We live in a consumerist age in which people are not used to mending things. If something doesn’t work, it is easier and cheaper to buy a new one. Powerful advertising encourages us to focus on wanting what we do not have rather than being grateful for what we do have. It increases the expectation that we should have our desires fulfilled quickly – as in the slogan for the credit card that promised to take “the waiting out of wanting”. [3] We are encouraged to believe that fulfilment comes through what we can acquire with as little effort as possible rather than through working at something.

Alvin Toffler, the sociologist and bestselling author, wrote that people today have a“throwaway mentality”. They not only have throwaway products, but they also make throwaway friends, and it is this mentality that produces throw away marriages. [4]

Marriage is viewed by many today as a temporary contract between a couple for as long as their love lasts.
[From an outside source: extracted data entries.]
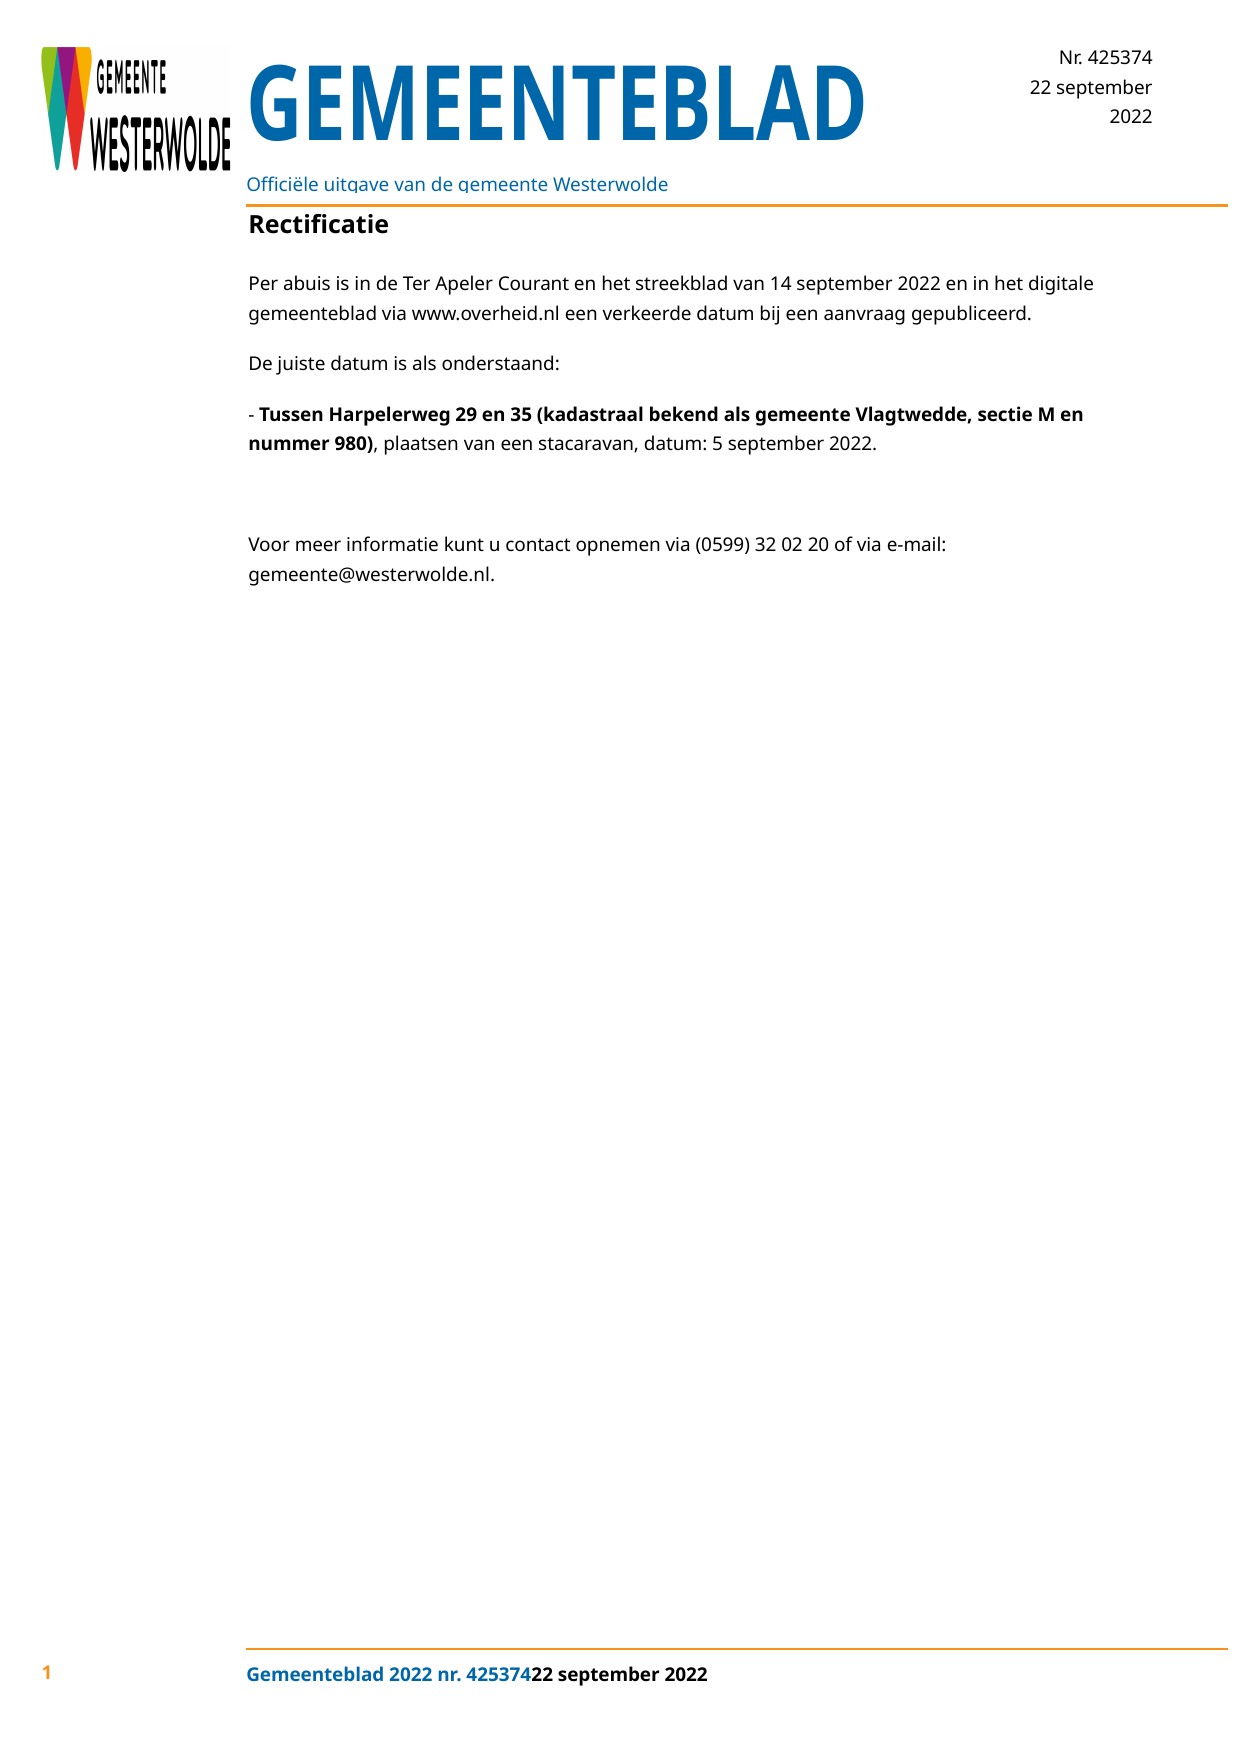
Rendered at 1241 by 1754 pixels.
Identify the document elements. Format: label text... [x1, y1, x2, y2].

text Rectificatie [248, 207, 1152, 241]
picture [41, 47, 231, 172]
text Per abuis is in de Ter Apeler Courant en het streekblad van 14 september 2022 en in het digitale gemeenteblad via www.overheid.nl een verkeerde datum bij een aanvraag gepubliceerd. [248, 270, 1152, 326]
text De juiste datum is als onderstaand: [248, 350, 1152, 376]
text - Tussen Harpelerweg 29 en 35 (kadastraal bekend als gemeente Vlagtwedde, sectie M en nummer 980), plaatsen van een stacaravan, datum: 5 september 2022. [248, 401, 1152, 456]
text Voor meer informatie kunt u contact opnemen via (0599) 32 02 20 of via e-mail: gemeente@westerwolde.nl. [248, 531, 1152, 586]

Our culture stresses the freedom of the individual. If the relationship is not personally fulfilling, then it is better to get out. If there is no more love in a marriage, it is better to finish it.
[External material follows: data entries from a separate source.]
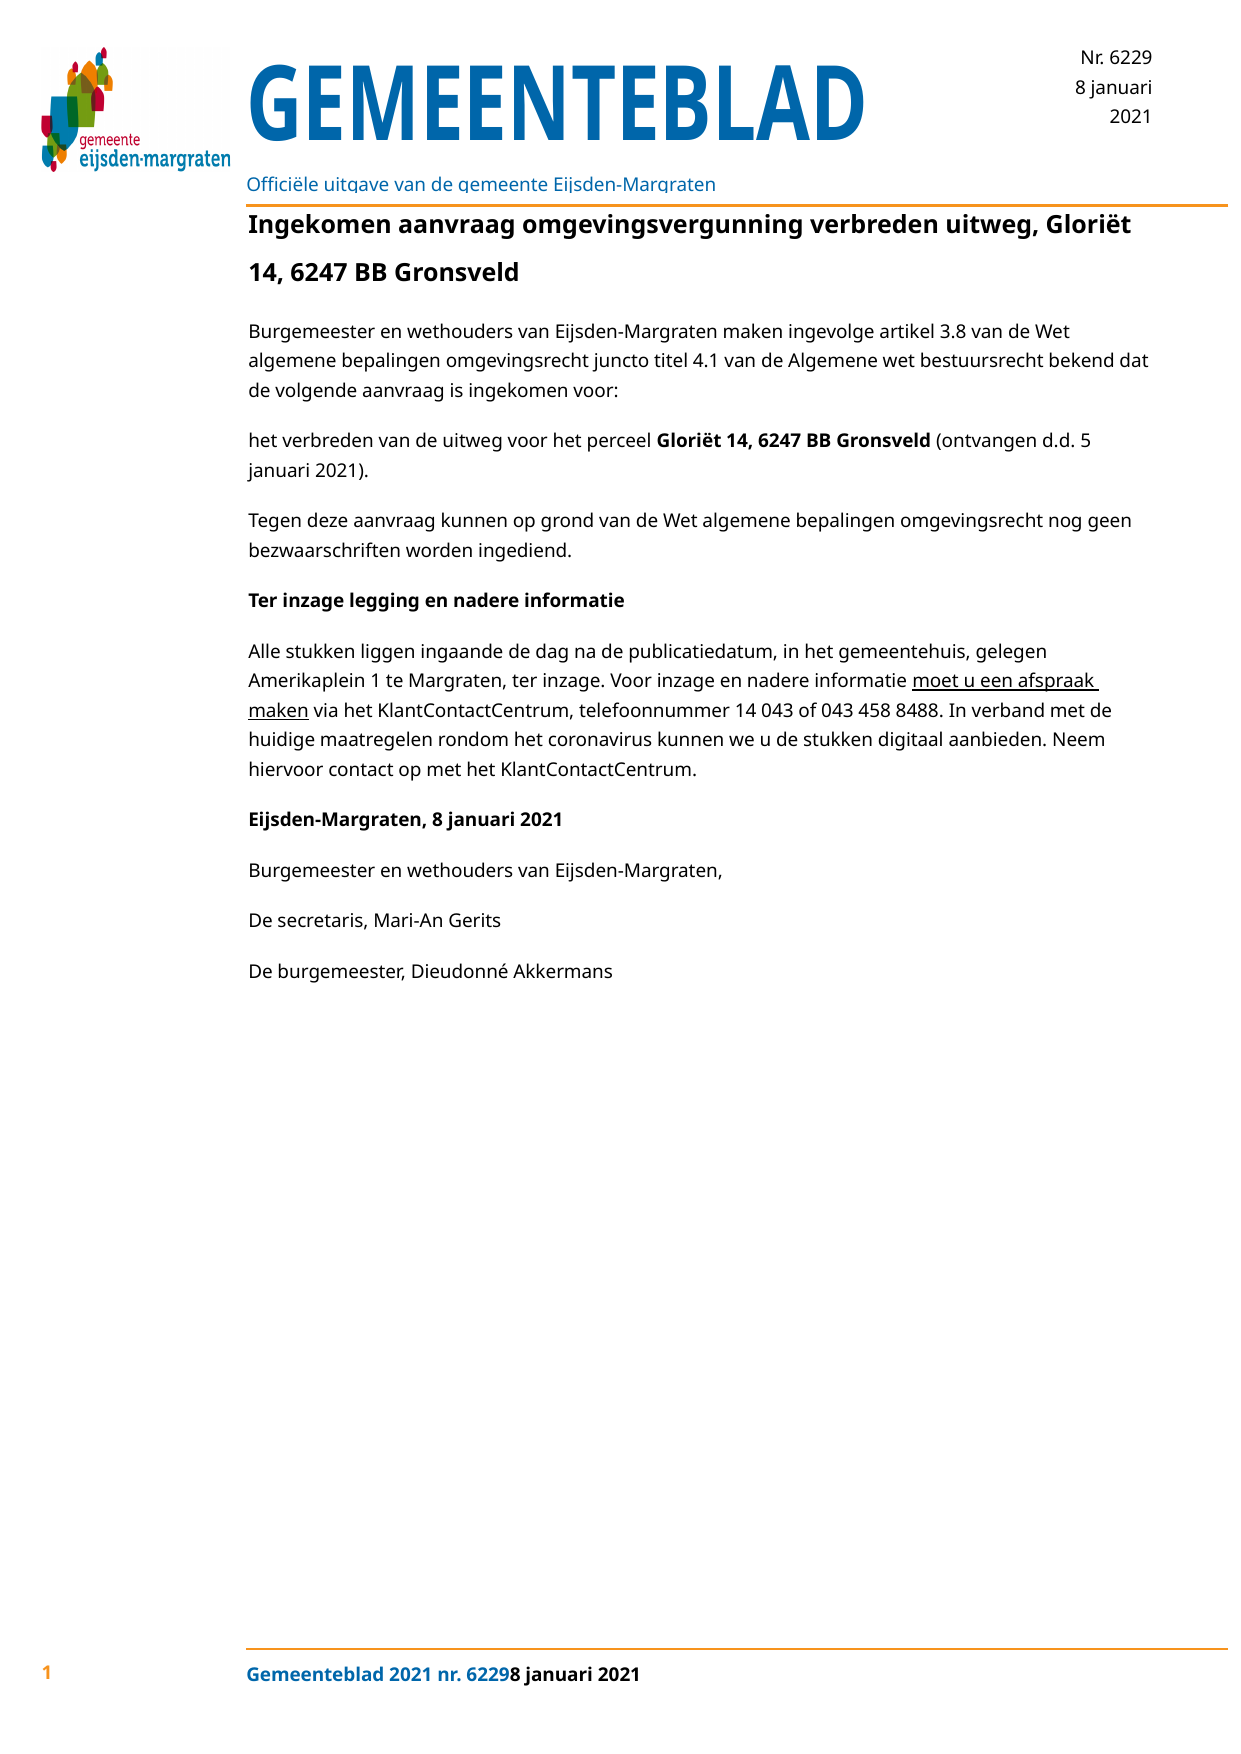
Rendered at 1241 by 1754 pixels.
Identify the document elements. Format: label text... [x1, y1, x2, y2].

text het verbreden van de uitweg voor het perceel Gloriët 14, 6247 BB Gronsveld (ontvangen d.d. 5 januari 2021). [248, 427, 1152, 483]
text Burgemeester en wethouders van Eijsden-Margraten, [248, 857, 1152, 883]
text Eijsden-Margraten, 8 januari 2021 [248, 807, 1152, 832]
text De burgemeester, Dieudonné Akkermans [248, 958, 1152, 984]
text Ter inzage legging en nadere informatie [248, 587, 1152, 613]
text De secretaris, Mari-An Gerits [248, 907, 1152, 933]
text Alle stukken liggen ingaande de dag na de publicatiedatum, in het gemeentehuis, gelegen Amerikaplein 1 te Margraten, ter inzage. Voor inzage en nadere informatie moet u een afspraak maken via het KlantContactCentrum, telefoonnummer 14 043 of 043 458 8488. In verband met de huidige maatregelen rondom het coronavirus kunnen we u de stukken digitaal aanbieden. Neem hiervoor contact op met het KlantContactCentrum. [248, 638, 1152, 782]
text Tegen deze aanvraag kunnen op grond van de Wet algemene bepalingen omgevingsrecht nog geen bezwaarschriften worden ingediend. [248, 507, 1152, 563]
text Ingekomen aanvraag omgevingsvergunning verbreden uitweg, Gloriët 14, 6247 BB Gronsveld [248, 207, 1152, 288]
text Burgemeester en wethouders van Eijsden-Margraten maken ingevolge artikel 3.8 van de Wet algemene bepalingen omgevingsrecht juncto titel 4.1 van de Algemene wet bestuursrecht bekend dat de volgende aanvraag is ingekomen voor: [248, 318, 1152, 403]
picture [41, 47, 231, 172]

But we are discovering as a society that the consequences are not so easily discarded. The oneness of the marriage bond means that the two people cannot be neatly and painlessly divided. It is like taking two sheets of paper and gluing them together. They become one, and they cannot be separated without causing damage to both.

If you’re struggling in your marriage, we want to encourage you that reconnecting is possible. When couples have tended their relationship, we’ve seen things change dramatically, and they go on to experience a new connection and intimacy.
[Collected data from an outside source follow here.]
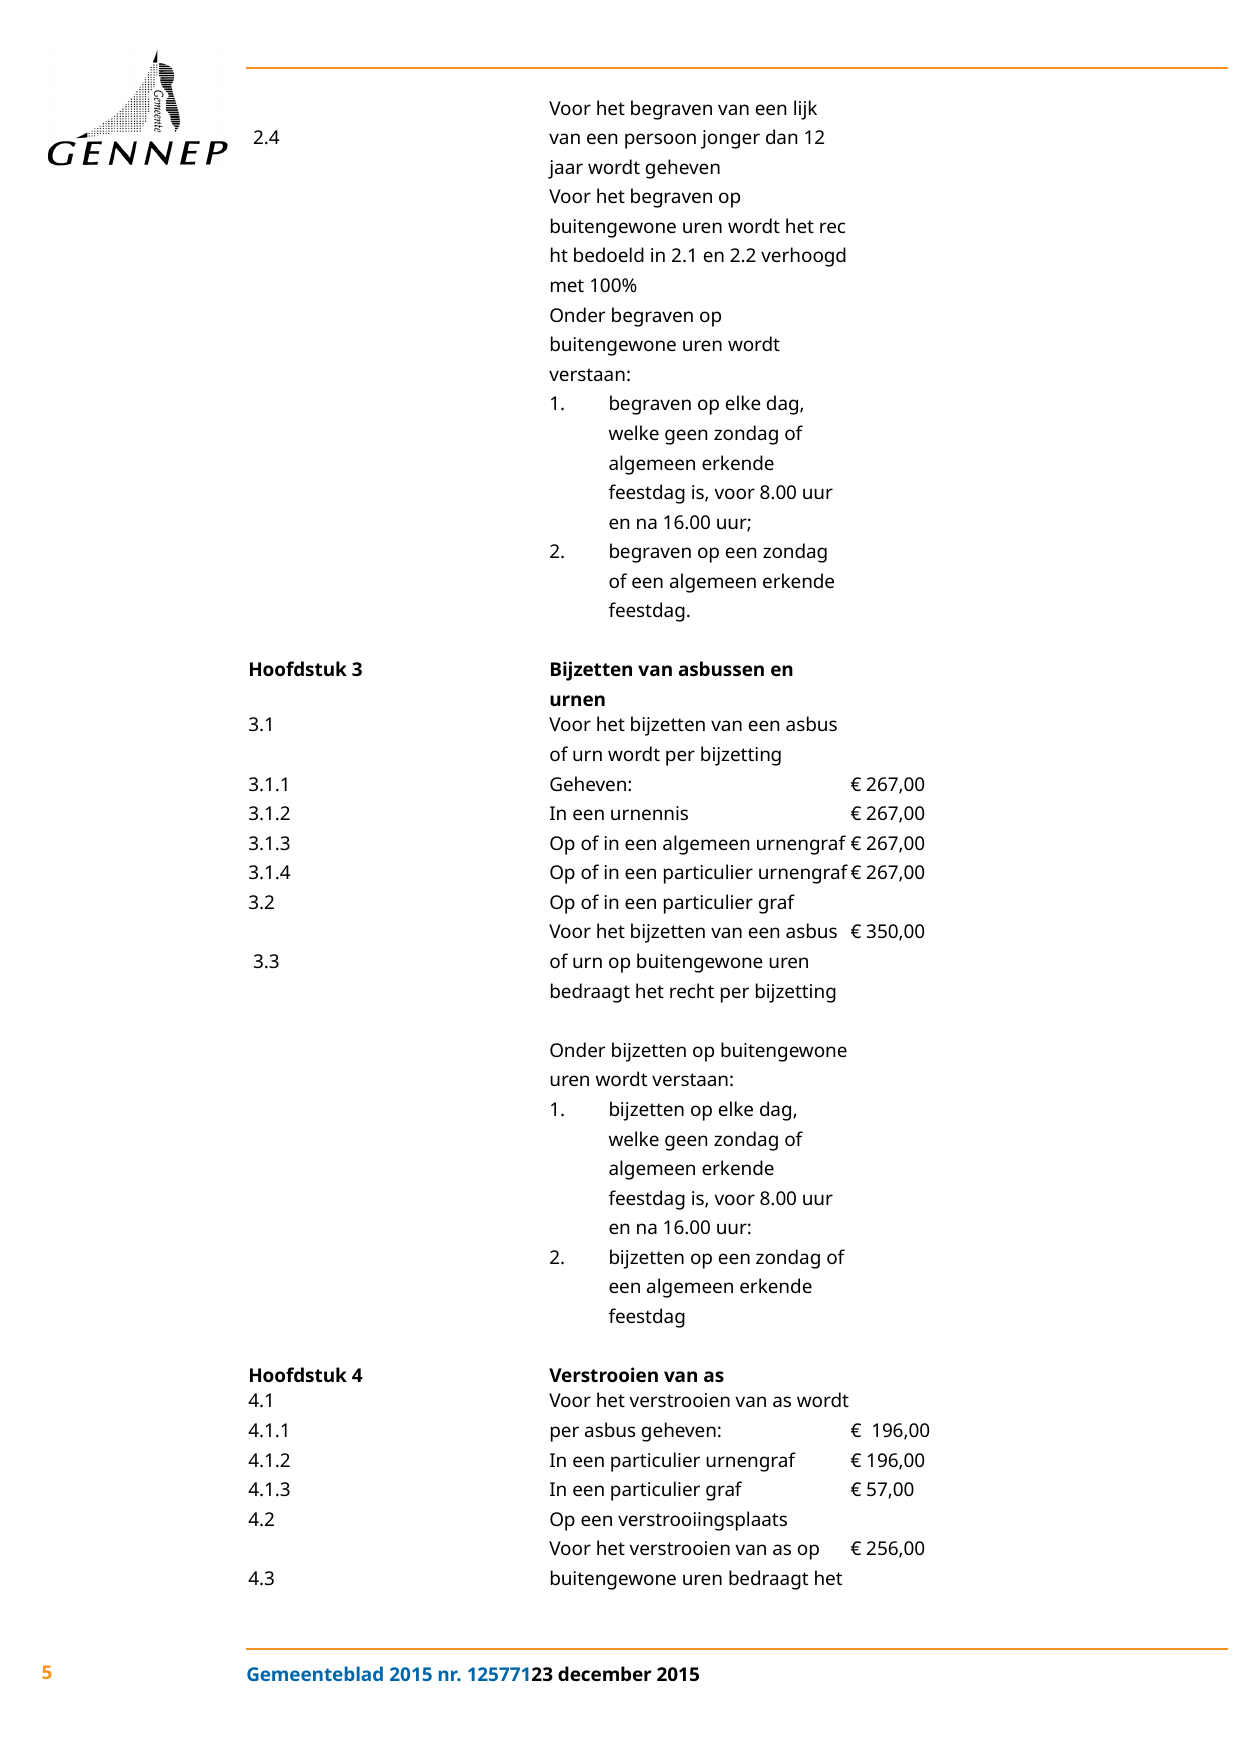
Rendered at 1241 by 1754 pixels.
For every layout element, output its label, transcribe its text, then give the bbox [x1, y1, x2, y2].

table_header Hoofdstuk 4 [248, 1362, 549, 1388]
picture [41, 47, 231, 172]
table_header [850, 1362, 1152, 1388]
table_cell Voor het begraven van een lijk van een persoon jonger dan 12 jaar wordt geheven Voor het begraven op buitengewone uren wordt het rec ht bedoeld in 2.1 en 2.2 verhoogd met 100% Onder begraven op buitengewone uren wordt verstaan: begraven op elke dag, welke geen zondag of algemeen erkende feestdag is, voor 8.00 uur en na 16.00 uur; begraven op een zondag of een algemeen erkende feestdag. [549, 95, 850, 623]
table_cell [850, 95, 1152, 623]
table_cell 3.1 3.1.1 3.1.2 3.1.3 3.1.4 3.2 3.3 [248, 712, 549, 1329]
table_cell € 267,00 € 267,00 € 267,00 € 267,00 € 350,00 [850, 712, 1152, 1329]
table_header [850, 656, 1152, 712]
table_header Hoofdstuk 3 [248, 656, 549, 712]
table_cell 4.1 4.1.1 4.1.2 4.1.3 4.2 4.3 [248, 1388, 549, 1591]
table_cell Voor het bijzetten van een asbus of urn wordt per bijzetting Geheven: In een urnennis Op of in een algemeen urnengraf Op of in een particulier urnengraf Op of in een particulier graf Voor het bijzetten van een asbus of urn op buitengewone uren bedraagt het recht per bijzetting Onder bijzetten op buitengewone uren wordt verstaan: bijzetten op elke dag, welke geen zondag of algemeen erkende feestdag is, voor 8.00 uur en na 16.00 uur: bijzetten op een zondag of een algemeen erkende feestdag [549, 712, 850, 1329]
table_cell 2.4 [248, 95, 549, 623]
table_cell € 196,00 € 196,00 € 57,00 € 256,00 [850, 1388, 1152, 1591]
table_header Verstrooien van as [549, 1362, 850, 1388]
table_header Bijzetten van asbussen en urnen [549, 656, 850, 712]
table_cell Voor het verstrooien van as wordt per asbus geheven: In een particulier urnengraf In een particulier graf Op een verstrooiingsplaats Voor het verstrooien van as op buitengewone uren bedraagt het [549, 1388, 850, 1591]

In an interview, the actor Michael Caine spoke of the breakup of his first marriage.He was desperately short of money and his wife, Patricia, tried to persuade him to give up the theatre, but, “rather than relinquish his dreams, he walked away from his marriage”. Later he said that, if he’d known the anguish involved, “I would have stayed at all costs. If I’d been as strong as Pat I think we could have made it.” [5] Michael Caine is right. A marriage can be made to work but it takes deliberate and determined action.

 

[1] TheGuardian, 24 October 1998, p. 3.

[2] Quoted on audio tape by Sam Thompson, “Communion in Marriage”, Part 2, tape 2,Anaheim: VMI, 1984.

[3] Access credit card, https: / / www.accesscreditcard.info/chApply7273.aspx.

[4] Quoted in Selwyn Hughes, Marriage as God Intended (Kingsway Publications, 1983), p. 13.

[5] TheDaily Mail Weekend, 9 January 1999 [Interview with Lynda Lee - Potter].